A queue of vehicles lining up to receive iPads and Chromebook laptops for students to use in remote learning at Indian Hills Elementary School in Round Lake Heights, Illinois, in April last year. Photograph: Tannen Maury/EPA

Meanwhile, there has been a huge growth in the direct-to-consumer digital education market during the pandemic, highlighted in “Commercialisation and privatisation in/of education in the context of Covid-19”, a report co-authored by Williamson and published by the international teaching union umbrella organisation Education International in July.

While edtech has many critics, there are also plenty who highlight potential benefits. Bukky Yusuf is a senior leader and science lead at the Edith Kay school, an independent secondary in Brent, north London, which specialises in special educational needs provision. She was concerned about switching to greater edtech use because many of her pupils thrive through active, hands-on engagement.

Yusuf was, however, pleasantly surprised, saying it helped students engage better, gain more control over their learning and work in ways that suited their needs. “A virtual learning set-up also helped minimise anxieties for some, as they had options about when and how they could engage, through video, audio or a chat feature.”

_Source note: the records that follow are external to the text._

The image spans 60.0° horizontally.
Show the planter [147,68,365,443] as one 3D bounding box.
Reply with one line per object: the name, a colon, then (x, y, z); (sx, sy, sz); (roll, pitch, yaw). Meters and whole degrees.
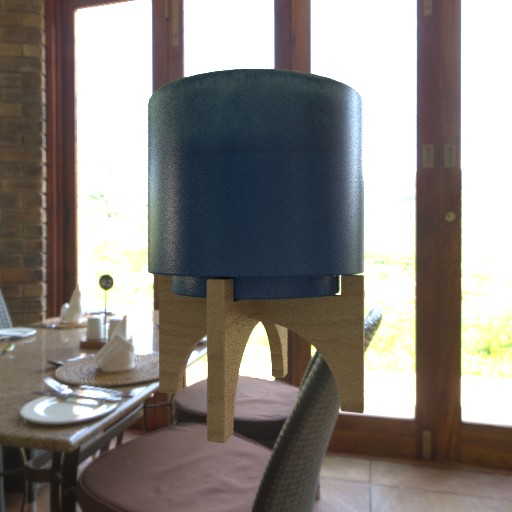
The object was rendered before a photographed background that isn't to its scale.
planter: (0.000, 0.000, 0.405); (0.192, 0.263, 0.192); (0, 0, 0)
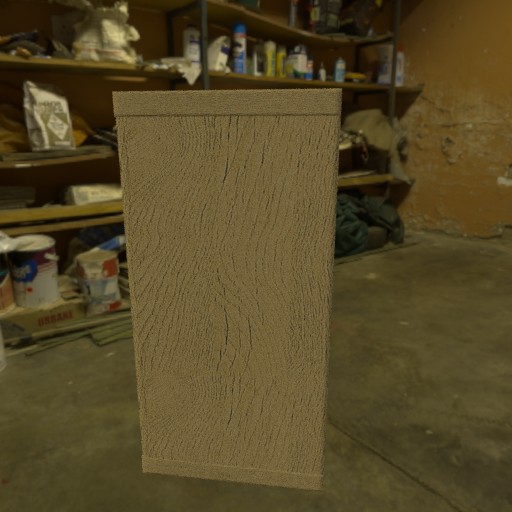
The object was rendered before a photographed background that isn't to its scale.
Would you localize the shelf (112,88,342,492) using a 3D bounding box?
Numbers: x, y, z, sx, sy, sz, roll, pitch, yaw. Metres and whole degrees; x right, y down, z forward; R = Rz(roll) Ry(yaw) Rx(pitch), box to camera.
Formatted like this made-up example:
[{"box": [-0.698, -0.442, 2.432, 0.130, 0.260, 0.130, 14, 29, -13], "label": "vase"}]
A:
[{"box": [0.000, 0.000, 1.219, 0.390, 0.786, 0.790, 2, 15, 8], "label": "shelf"}]
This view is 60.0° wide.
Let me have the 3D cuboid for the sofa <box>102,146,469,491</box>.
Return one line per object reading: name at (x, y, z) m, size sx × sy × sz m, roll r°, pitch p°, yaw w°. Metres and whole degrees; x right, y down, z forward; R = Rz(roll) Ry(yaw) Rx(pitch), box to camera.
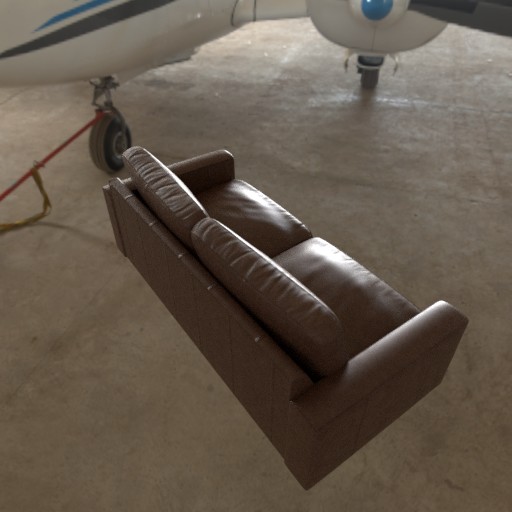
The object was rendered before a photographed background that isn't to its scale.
sofa at (0.000, 0.000, 2.631) m, size 1.016 × 0.873 × 2.179 m, roll -25°, pitch 46°, yaw -27°

Having organised their own digital training sessions, staff at Barham say they now feel better prepared to teach remotely. Teachers there have found that combining traditional classroom and online teaching has increased parental engagement, enhanced pupils’ computer skills and improved monitoring of teaching standards. “We’re for ever changed,” says Alexander. “Blended learning works for both staff and children. Sometimes on Google Classroom, you see a child saying ‘I’m not sure how to do that’, and then you see a trail of children saying ‘Try this, try that, I did this’. Five minutes later, you go on as class teacher and they’ve sorted it out themselves.”

Those voicing concerns stress they are not against digital tools per se. Rather they question the growing role of those with financial interests in edtech in determining how they are used and in shaping the way schools are run. “Big-tech billionaires have an oversized influence in shaping education policy,” says Watters. “Some of these companies pay very, very low taxes, and their responsibilities are to start contributing properly in taxes, not to provide free Chromebooks. We need schools to be more about what the public wants and not what edtech companies want them to look like.”